About this task
Starting with the line that contains "FOV is 60.0°.", copy out each line through the end of the entries below, exactly as written, and nothing else.

Material provided

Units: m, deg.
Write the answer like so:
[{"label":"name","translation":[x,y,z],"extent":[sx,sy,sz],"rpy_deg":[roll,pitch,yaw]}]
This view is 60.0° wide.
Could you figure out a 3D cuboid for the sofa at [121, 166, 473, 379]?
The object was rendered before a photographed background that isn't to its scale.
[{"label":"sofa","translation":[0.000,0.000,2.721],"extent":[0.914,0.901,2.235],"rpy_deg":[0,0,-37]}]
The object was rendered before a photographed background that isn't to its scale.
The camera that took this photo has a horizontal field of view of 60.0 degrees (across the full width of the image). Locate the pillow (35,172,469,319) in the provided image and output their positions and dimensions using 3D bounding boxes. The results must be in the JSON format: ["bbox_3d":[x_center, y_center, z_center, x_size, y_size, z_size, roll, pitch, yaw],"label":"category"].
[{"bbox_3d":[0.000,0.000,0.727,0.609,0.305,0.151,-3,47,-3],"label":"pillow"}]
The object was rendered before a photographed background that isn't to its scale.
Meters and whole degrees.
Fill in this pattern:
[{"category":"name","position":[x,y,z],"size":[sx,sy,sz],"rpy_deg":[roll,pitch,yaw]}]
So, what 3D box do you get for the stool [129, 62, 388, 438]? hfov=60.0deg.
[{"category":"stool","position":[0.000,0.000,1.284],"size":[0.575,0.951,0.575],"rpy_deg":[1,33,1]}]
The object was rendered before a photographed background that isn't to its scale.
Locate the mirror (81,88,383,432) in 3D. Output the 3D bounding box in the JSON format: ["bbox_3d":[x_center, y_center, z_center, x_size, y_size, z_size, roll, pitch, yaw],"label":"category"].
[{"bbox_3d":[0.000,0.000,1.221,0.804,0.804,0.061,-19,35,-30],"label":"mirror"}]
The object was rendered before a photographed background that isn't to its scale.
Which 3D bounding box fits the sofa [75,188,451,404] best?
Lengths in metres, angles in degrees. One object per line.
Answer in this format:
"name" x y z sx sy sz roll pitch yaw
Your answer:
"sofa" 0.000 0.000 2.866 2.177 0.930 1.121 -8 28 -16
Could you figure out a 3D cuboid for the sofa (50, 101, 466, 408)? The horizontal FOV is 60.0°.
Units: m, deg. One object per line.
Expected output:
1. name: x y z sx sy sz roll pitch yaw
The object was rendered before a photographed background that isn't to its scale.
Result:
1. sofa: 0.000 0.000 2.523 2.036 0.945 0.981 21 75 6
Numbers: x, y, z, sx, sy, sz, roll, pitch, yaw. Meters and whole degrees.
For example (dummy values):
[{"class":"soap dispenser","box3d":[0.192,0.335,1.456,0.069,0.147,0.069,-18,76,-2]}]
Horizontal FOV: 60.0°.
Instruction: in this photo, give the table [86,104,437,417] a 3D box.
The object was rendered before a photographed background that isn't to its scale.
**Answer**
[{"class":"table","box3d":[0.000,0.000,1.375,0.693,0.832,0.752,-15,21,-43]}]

Worked solution
Could you figure out a 3D cuboid for the sofa (50, 101, 466, 408)? The horizontal FOV is 60.0°.
Units: m, deg. One object per line.
Expected output:
1. name: x y z sx sy sz roll pitch yaw
The object was rendered before a photographed background that isn't to its scale.
Result:
1. sofa: 0.000 0.000 2.523 2.036 0.945 0.981 21 75 6
Numbers: x, y, z, sx, sy, sz, roll, pitch, yaw. Meters and whole degrees.
For example (dummy values):
[{"class":"soap dispenser","box3d":[0.192,0.335,1.456,0.069,0.147,0.069,-18,76,-2]}]
Horizontal FOV: 60.0°.
Instruction: in this photo, give the table [86,104,437,417] a 3D box.
The object was rendered before a photographed background that isn't to its scale.
**Answer**
[{"class":"table","box3d":[0.000,0.000,1.375,0.693,0.832,0.752,-15,21,-43]}]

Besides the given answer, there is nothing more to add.